Fakelake/README.md at main · soma-smart/Fakelake

⚡ Blazingly fast fake data generator powered by Rust

🏢 About

Fakelake is actively developed and maintained by SOMA in Paris.

Any feedback is welcome! Feel free to open an issue or start a discussion.

🚀 Why Fakelake?

Fakelake is a lightning-fast command-line tool that generates realistic fake data from simple YAML configurations.
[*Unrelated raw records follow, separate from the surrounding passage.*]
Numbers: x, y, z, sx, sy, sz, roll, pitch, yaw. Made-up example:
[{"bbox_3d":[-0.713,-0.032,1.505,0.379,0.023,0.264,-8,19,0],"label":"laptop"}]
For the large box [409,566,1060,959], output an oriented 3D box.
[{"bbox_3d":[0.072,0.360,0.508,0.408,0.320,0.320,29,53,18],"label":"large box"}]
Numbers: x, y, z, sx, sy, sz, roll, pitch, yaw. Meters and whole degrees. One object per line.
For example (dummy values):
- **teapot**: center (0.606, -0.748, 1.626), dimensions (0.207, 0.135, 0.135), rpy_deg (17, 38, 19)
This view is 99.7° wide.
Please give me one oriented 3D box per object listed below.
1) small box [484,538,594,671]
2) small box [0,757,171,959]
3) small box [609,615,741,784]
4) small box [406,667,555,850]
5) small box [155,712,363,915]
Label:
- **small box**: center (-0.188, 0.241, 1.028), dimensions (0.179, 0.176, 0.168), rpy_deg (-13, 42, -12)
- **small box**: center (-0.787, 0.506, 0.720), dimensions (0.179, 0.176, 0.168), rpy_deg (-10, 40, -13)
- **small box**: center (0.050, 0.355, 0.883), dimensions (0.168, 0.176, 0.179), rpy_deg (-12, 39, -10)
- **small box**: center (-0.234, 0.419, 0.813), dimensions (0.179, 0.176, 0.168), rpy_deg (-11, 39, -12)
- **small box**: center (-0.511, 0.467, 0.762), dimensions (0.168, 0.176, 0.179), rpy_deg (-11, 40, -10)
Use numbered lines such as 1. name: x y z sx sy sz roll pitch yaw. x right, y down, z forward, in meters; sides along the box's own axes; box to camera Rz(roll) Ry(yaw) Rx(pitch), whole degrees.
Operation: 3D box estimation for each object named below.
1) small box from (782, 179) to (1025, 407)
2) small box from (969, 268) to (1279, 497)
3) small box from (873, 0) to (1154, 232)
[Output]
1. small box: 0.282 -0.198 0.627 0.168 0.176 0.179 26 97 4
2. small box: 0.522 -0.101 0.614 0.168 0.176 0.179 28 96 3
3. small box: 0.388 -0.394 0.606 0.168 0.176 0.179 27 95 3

Perfect for load testing, database seeding, development, and data pipeline testing.

✨ Key Highlights

Fast: Generate millions of rows in seconds - up to 53x faster than Python alternatives
Lightweight: Small binary size with minimal memory footprint
Simple: Define your data schema in YAML, get results instantly
Reliable: Written in pure Rust with zero unsafe code
Cross-platform: Works seamlessly on Linux, macOS, and Windows
Multiple Formats: Export to Parquet, CSV, or JSON
Reproducible: Optional seed for deterministic data generation

flowchart LR
    A[YAML Schema] --> B[Fakelake]
    B --> C[Parquet]
    B --> D[CSV]
    B --> E[JSON]
    style B fill:#f96,stroke:#333,stroke-width:4px

🏗️ Use Cases

Load Testing: Generate millions of realistic rows for database stress testing
Database Seeding: Populate development/staging databases with realistic data
Data Pipeline Testing: Test ETL processes with configurable data volumes
Analytics Development: Create sample datasets for BI tool development
Learning & Training: Generate datasets for SQL practice or data science tutorials
Data Quality Testing: Use corrupted and presence options to test validation logic

📊 Performance Benchmark

Generate 1 million rows with random strings (10 characters):

Tool	Time	Speed vs Fakelake
Fakelake	253 ms	1.00x
Mimesis (Python)	3,375 ms	13.35x slower
Faker (Python)	13,553 ms	53.62x slower

Benchmark Details

Environment: AMD Ryzen 5 7530U, 8GB RAM, SSD
OS: Windows
Test: Generate 1M rows, single column with 10-character random strings
Command: Run scripts/benchmark.sh to reproduce

Quick Start

Installation

Option 1: Download Precompiled Binary (Recommended)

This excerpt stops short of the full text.